Scripture: John 8:31–32, Romans 1:18-20, 2 Timothy 3:16–17, Hebrews 4:12, 2 Peter 1:20–21

Summary: God created men and women in his image. We are created, dependent beings, and recognize that men and women are created to complement one another through their distinct roles in the family and church. Because every human is created in the image of God, everyone deserves our dignity, honor, love, and respect, not because of who they are or what they do, but by sheer virtue of being human

Key Points:

  • Men and women are created, dependent beings.
  • Men and women are made in God’s image to be God’s agents.
  • God’s image remains present, yet marred by sin, in all humankind.
  • Men and women are equal as image-bearers of God and accessibility to God.
  • Men and women are created to complement one another by assuming distinctive roles in the family and church.

TGC Statement:

We believe that God created human beings, male and female, in his own image. Adam and Eve belonged to the created order that God himself declared to be very good, serving as God’s agents to care for, manage, and govern creation, living in holy and devoted fellowship with their Maker.
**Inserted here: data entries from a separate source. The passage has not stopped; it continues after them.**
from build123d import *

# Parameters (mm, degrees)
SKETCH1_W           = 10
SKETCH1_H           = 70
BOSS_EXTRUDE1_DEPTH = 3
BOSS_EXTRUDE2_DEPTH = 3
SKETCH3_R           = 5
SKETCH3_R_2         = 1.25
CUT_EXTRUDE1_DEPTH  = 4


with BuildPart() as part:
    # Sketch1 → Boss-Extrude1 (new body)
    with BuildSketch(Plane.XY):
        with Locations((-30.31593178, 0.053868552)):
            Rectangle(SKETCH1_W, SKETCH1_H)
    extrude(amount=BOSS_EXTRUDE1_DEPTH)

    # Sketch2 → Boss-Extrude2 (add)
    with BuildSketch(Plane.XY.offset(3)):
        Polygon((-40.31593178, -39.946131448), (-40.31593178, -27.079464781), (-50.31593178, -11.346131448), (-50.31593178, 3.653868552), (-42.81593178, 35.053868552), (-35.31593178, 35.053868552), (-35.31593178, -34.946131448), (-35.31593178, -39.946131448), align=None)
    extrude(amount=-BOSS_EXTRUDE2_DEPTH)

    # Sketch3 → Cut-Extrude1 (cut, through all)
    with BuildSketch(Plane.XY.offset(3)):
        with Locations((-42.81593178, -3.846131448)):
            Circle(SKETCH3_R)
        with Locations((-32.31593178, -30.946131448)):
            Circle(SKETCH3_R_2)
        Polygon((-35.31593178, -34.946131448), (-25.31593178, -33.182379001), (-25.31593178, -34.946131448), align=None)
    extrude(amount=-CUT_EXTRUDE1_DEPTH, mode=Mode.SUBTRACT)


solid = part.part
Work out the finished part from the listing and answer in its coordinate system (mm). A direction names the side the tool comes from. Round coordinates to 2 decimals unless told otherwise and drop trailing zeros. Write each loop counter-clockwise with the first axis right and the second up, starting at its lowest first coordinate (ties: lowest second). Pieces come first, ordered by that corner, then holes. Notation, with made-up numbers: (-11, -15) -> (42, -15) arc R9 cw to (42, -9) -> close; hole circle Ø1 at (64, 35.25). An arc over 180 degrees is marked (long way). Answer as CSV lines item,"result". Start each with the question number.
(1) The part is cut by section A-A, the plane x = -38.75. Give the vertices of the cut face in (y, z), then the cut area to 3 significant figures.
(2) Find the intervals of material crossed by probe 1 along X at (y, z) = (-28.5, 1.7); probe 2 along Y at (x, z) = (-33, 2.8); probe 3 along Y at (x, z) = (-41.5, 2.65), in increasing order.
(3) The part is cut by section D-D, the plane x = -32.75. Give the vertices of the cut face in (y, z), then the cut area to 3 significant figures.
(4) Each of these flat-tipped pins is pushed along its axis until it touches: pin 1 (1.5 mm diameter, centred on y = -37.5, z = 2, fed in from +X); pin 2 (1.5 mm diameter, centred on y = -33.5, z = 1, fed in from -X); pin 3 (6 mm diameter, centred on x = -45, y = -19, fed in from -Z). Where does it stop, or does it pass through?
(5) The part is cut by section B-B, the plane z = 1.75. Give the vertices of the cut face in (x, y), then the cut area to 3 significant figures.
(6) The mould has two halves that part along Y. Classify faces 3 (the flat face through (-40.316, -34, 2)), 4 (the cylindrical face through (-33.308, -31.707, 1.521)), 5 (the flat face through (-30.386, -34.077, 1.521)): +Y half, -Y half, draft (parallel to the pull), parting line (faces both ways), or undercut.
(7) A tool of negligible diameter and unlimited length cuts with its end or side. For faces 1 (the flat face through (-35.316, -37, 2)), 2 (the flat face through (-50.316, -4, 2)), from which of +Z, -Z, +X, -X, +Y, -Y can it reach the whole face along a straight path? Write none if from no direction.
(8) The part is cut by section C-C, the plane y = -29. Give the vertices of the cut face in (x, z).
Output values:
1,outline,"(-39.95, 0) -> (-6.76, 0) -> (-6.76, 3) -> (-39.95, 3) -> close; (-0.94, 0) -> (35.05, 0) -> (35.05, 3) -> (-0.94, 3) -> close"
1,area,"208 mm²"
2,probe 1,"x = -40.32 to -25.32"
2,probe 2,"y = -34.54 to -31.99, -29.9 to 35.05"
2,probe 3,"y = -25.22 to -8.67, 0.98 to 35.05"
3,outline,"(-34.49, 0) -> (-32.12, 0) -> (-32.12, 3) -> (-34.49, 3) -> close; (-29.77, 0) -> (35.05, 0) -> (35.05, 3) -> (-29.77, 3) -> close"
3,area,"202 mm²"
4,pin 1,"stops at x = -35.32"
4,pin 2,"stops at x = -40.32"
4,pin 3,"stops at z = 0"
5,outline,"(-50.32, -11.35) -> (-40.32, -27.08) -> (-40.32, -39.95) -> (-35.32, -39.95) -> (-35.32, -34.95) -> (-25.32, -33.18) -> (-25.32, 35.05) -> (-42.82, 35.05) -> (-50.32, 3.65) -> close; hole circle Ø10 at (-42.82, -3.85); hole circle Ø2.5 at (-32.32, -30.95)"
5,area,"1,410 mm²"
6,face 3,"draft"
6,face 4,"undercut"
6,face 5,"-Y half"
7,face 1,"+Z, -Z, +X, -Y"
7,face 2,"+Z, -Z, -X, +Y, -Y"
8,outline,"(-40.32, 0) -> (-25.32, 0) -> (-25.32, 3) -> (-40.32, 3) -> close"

Men and women, equally made in the image of God, enjoy equal access to God by faith in Christ Jesus and are both called to move beyond passive self-indulgence to significant private and public engagement in family, church, and civic life. Adam and Eve were made to complement each other in a one-flesh union that establishes the only normative pattern of sexual relations for men and women, such that marriage ultimately serves as a type of the union between Christ and his church. In God’s wise purposes, men and women are not simply interchangeable, but rather they complement each other in mutually enriching ways. God ordains that they assume distinctive roles, which reflect the loving relationship between Christ and the church, the husband exercising headship in a way that displays the caring, sacrificial love of Christ, and the wife submitting to her husband in a way that models the love of the church for her Lord. In the ministry of the church, both men and women are encouraged to serve Christ and to be developed to their full potential in the manifold ministries of the people of God. The distinctive role of eldership within the church given to qualified men is grounded in creation, fall, and redemption; and must not be sidelined by appeals to cultural developments.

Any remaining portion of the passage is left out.